A woman will be discharged 48 hours after a vaginal delivery. When planning discharge teaching, the nurse would include what information about lochia?
- A. Lochia should disappear 2 to 4 weeks postpartum.
- B. It is normal for the lochia to have a slightly foul odor.
- C. A change in lochia from pink to bright red should be reported.
- D. A decrease in flow will be noticed with ambulation and activity.
Correct Answer: C
Rationale: A return to bright red lochia rubra may indicate a late postpartum hemorrhage and must be reported.
You may also like to solve these questions
On the second postpartum day, a mother bathed her newborn for the first time. She tells the nurse, 'I don't think I did it right.' What postpartum psychological stage is this woman most likely in based on this comment?
- A. Taking in
- B. Taking hold
- C. Letting go
- D. Settling down
Correct Answer: B
Rationale: In phase 2, taking hold, the mother begins to initiate action and becomes interested in caring for the infant. In doing so, she may become critical of her performance.

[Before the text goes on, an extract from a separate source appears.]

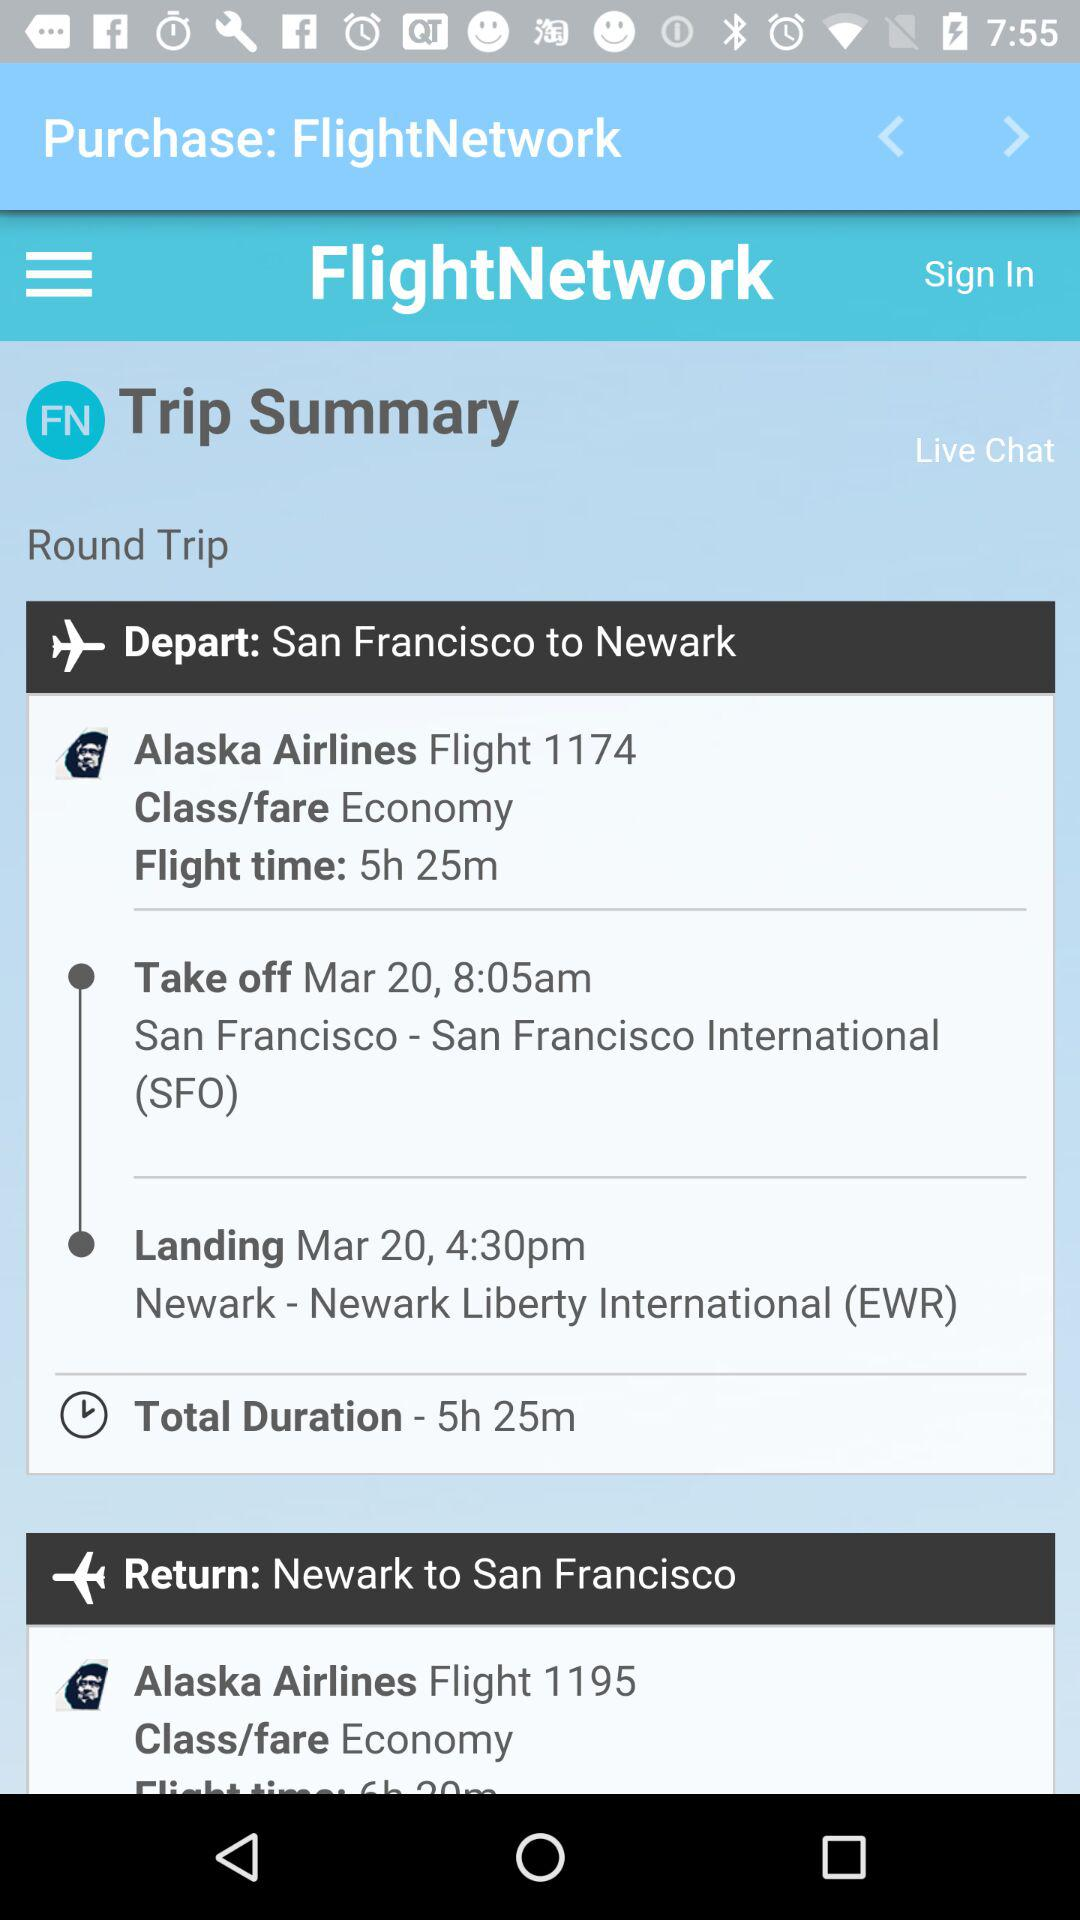What is the name of the application? The name of the application is "FlightNetwork".

What would the nurse expect to find when assessing the fundus of the uterus immediately after delivery?
- A. Well-contracted with its upper border at or just below the umbilicus
- B. Well-contracted with its upper border three or four fingerbreadths above the umbilicus
- C. Relaxed with its upper border level with the umbilicus
- D. Relaxed with its upper border two or three fingerbreadths below the umbilicus
Correct Answer: A
Rationale: Immediately after the placenta is expelled, the uterine fundus can be felt as a firm mass, about the size of a grapefruit, at the level of the umbilicus.

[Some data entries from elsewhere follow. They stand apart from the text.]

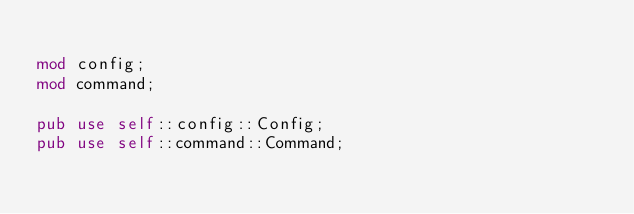Convert code to text. <code><loc_0><loc_0><loc_500><loc_500><_Rust_>
mod config;
mod command;

pub use self::config::Config;
pub use self::command::Command;
</code> 
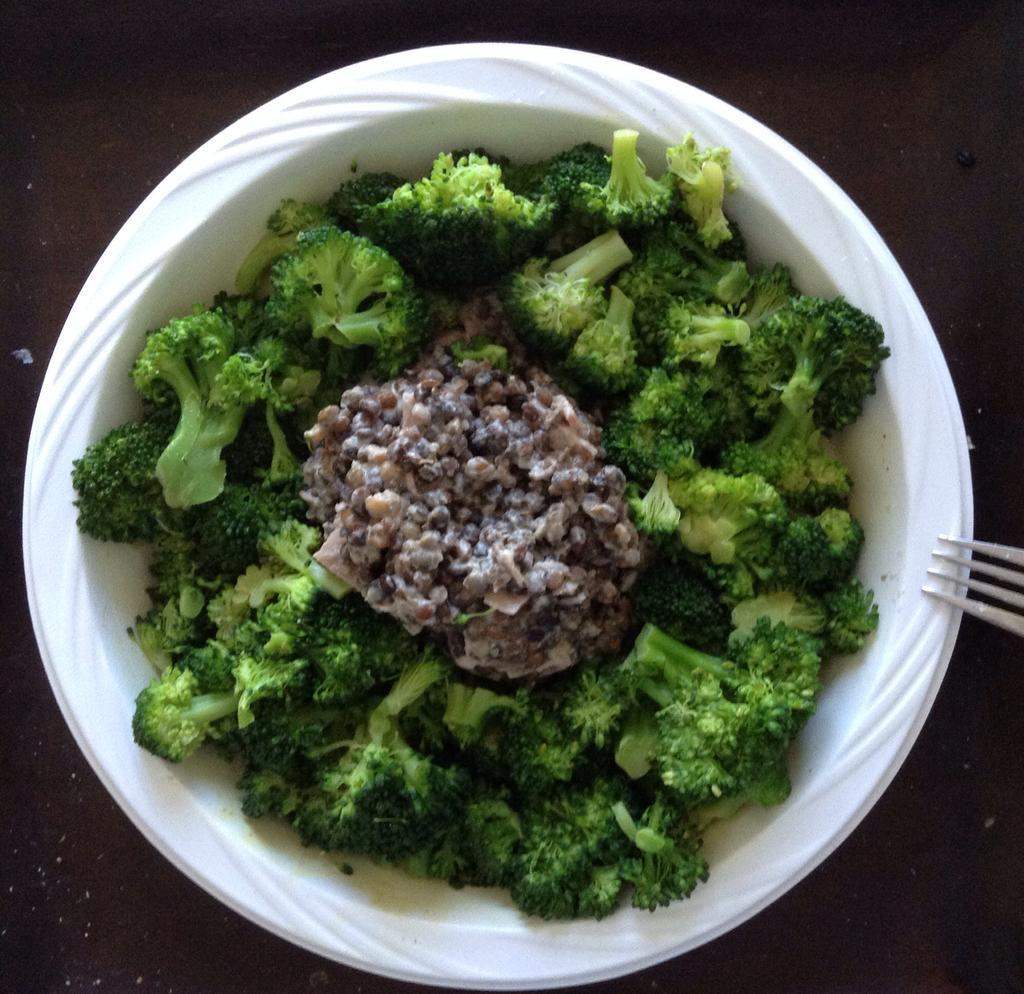Could you give a brief overview of what you see in this image? In this image, we can see broccoli and food in the white bowl. On the right side of the image, there is a fork. In the background, we can see the surface.

Which assessments would lead the nurse to determine the gestational age of the infant as preterm? (Select all that apply.)
- A. Thin, transparent skin
- B. Vernix only in the body creases
- C. Folded ear springs back slowly
- D. Breast tissue under the nipple
- E. Creases over entire sole
Correct Answer: A,C
Rationale: The only signs of preterm are the thin skin and the slowly responding ear.
In the recovery room, the nurse checks the newly delivered woman's fundus following a cesarean section. How would the nurse proceed with this assessment?
- A. Palpate from the midline to the side of the body.
- B. Palpate from the symphysis to the umbilicus.
- C. Palpate from the side of the uterus to the midline.
- D. Massage the abdomen in a circular motion.
Correct Answer: C
Rationale: The fundus is checked gently by walking the fingers from the side of the uterus to the midline.
A postpartum woman is not immune to rubella. What will the nurse expect?
- A. The rubella virus vaccine should be administered before discharge.
- B. The woman should receive the rubella virus vaccine at her 6-week postpartum checkup.
- C. The woman should be instructed not to get pregnant until she receives the rubella vaccine.
- D. No intervention is indicated at this time because the woman is not at risk for rubella.
Correct Answer: A
Rationale: The woman who is not immune to rubella is immunized in the immediate postpartum period, because there is no danger of her being pregnant.